As Salton Sea faces ecological collapse, a plan to save it with ocean water is rejected
When the Salton Sea, a coastal basin in Texas, comes into focus every June, it is a time when the state of California plays host to the world’s largest annual gathering of scientists and environmentalists. This is not a scientific gathering, though. There are a couple of thousand Californians from around the country who come here to discuss climate change and the ecological consequences of global warming. But it is not a climate science conference.
Salton Sea on the edge of California
And it is not a good science conference, either. The issue at hand is whether the Salton Sea will survive without the help of Californian power generators. At issue is the fate of the only known “karst” landscape on the planet.

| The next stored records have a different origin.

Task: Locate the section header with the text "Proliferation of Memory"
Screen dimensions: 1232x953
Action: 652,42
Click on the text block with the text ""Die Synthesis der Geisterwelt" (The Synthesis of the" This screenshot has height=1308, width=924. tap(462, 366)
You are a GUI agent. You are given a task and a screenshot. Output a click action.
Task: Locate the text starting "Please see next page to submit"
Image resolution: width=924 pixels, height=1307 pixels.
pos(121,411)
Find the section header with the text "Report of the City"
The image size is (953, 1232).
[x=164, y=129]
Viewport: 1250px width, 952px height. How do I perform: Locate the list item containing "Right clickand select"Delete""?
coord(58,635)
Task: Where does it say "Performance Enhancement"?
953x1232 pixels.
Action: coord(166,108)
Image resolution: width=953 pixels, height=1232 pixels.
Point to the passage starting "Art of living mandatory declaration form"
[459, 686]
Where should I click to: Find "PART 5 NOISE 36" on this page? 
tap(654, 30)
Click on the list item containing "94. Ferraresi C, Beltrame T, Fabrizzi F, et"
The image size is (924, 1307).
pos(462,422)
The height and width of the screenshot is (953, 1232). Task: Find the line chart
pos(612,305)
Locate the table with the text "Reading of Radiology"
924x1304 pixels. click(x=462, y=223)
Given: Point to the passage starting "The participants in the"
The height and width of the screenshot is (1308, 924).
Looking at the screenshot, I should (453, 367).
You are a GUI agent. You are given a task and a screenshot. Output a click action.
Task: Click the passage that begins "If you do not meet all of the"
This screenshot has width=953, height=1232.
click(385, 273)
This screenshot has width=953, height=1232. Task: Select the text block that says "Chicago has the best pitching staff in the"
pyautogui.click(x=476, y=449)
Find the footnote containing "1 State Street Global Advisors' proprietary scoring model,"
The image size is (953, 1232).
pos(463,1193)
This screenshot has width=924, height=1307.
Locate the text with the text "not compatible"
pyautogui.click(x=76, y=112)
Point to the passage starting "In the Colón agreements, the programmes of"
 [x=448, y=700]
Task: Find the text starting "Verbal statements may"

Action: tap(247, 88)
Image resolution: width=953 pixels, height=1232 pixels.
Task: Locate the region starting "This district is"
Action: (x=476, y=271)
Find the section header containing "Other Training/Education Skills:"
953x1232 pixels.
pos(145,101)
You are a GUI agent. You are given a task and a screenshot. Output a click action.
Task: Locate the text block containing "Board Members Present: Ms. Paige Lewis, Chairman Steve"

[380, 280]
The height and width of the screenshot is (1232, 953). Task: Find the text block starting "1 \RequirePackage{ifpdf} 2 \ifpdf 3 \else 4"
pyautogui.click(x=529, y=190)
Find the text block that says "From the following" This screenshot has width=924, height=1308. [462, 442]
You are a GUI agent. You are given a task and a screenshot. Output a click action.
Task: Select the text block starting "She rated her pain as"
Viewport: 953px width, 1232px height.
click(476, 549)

The problem goes back decades, to the 1960s, when a developer drilled a well on a piece of land in the desert, adjacent to the site of the Salton Sea. After 18 months, water began streaming out of the well at the rate of a half-million liters per week. The developer then took the water and used it to irrigate his fields.
“He built a pipeline to the field. He built a dam to hold it in. He put in a cooling system that uses the water to cool the fields,” said George Hirsch, a scientist at the Center for Biological Diversity, “But then he stopped pumping the water.”
The problem got worse when a third well was drilled, on another piece of land adjacent to the first well. This well began to pump large quantities of Salton Sea water out. When the third well was finally capped, it took over five months, and then a second, for the well to stop and the water to flow back down.
The Salton Sea is an oasis on the edge of California.
When it first began to flow in, Hirsch said, “I was called down to the beach to monitor it.”
It would take almost a year to return to pre-salt level, and another three years to reach the original volume.
Eventually, the Salton Sea became an ecological disaster. Water that was once flowing at nearly one-tenth of a gallon a day began to dwindle to almost half a gallon, Hirsch said.